• _Task objective_
Please output exactly the lines that run from the line with "Quick one: I need a 3D bounding box for the ballet" through the final line of the data, inclusive, and nothing more.

(Extracted records)
● ● ● ●

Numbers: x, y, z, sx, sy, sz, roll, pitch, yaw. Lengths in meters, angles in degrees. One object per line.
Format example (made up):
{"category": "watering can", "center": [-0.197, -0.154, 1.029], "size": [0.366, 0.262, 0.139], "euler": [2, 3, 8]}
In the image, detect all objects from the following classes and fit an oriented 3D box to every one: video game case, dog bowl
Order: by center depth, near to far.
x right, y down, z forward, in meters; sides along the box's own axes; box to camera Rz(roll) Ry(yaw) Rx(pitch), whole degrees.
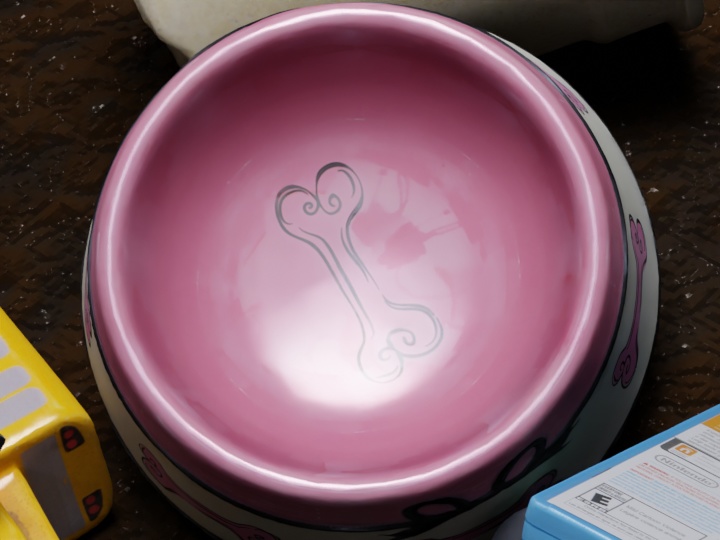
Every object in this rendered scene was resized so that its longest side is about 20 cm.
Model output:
{"category": "video game case", "center": [0.162, 0.079, 0.891], "size": [0.143, 0.018, 0.200], "euler": [26, 27, 30]}
{"category": "dog bowl", "center": [0.000, 0.000, 0.963], "size": [0.200, 0.074, 0.200], "euler": [-1, 78, 5]}

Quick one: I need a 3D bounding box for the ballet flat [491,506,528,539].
{"category": "ballet flat", "center": [0.124, 0.118, 0.888], "size": [0.200, 0.073, 0.073], "euler": [14, 52, 20]}

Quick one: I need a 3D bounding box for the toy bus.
{"category": "toy bus", "center": [-0.150, 0.050, 1.014], "size": [0.078, 0.065, 0.200], "euler": [-29, 49, -18]}

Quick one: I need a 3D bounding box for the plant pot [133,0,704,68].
{"category": "plant pot", "center": [0.000, -0.138, 1.087], "size": [0.183, 0.201, 0.201], "euler": [-28, 48, 0]}

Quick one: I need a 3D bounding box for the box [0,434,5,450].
{"category": "box", "center": [-0.220, 0.070, 0.968], "size": [0.200, 0.040, 0.137], "euler": [29, 89, 40]}

● ● ● ●

• _Solution for this task_
Quick one: I need a 3D bounding box for the ballet flat [491,506,528,539].
{"category": "ballet flat", "center": [0.124, 0.118, 0.888], "size": [0.200, 0.073, 0.073], "euler": [14, 52, 20]}

Quick one: I need a 3D bounding box for the toy bus.
{"category": "toy bus", "center": [-0.150, 0.050, 1.014], "size": [0.078, 0.065, 0.200], "euler": [-29, 49, -18]}

Quick one: I need a 3D bounding box for the plant pot [133,0,704,68].
{"category": "plant pot", "center": [0.000, -0.138, 1.087], "size": [0.183, 0.201, 0.201], "euler": [-28, 48, 0]}

Quick one: I need a 3D bounding box for the box [0,434,5,450].
{"category": "box", "center": [-0.220, 0.070, 0.968], "size": [0.200, 0.040, 0.137], "euler": [29, 89, 40]}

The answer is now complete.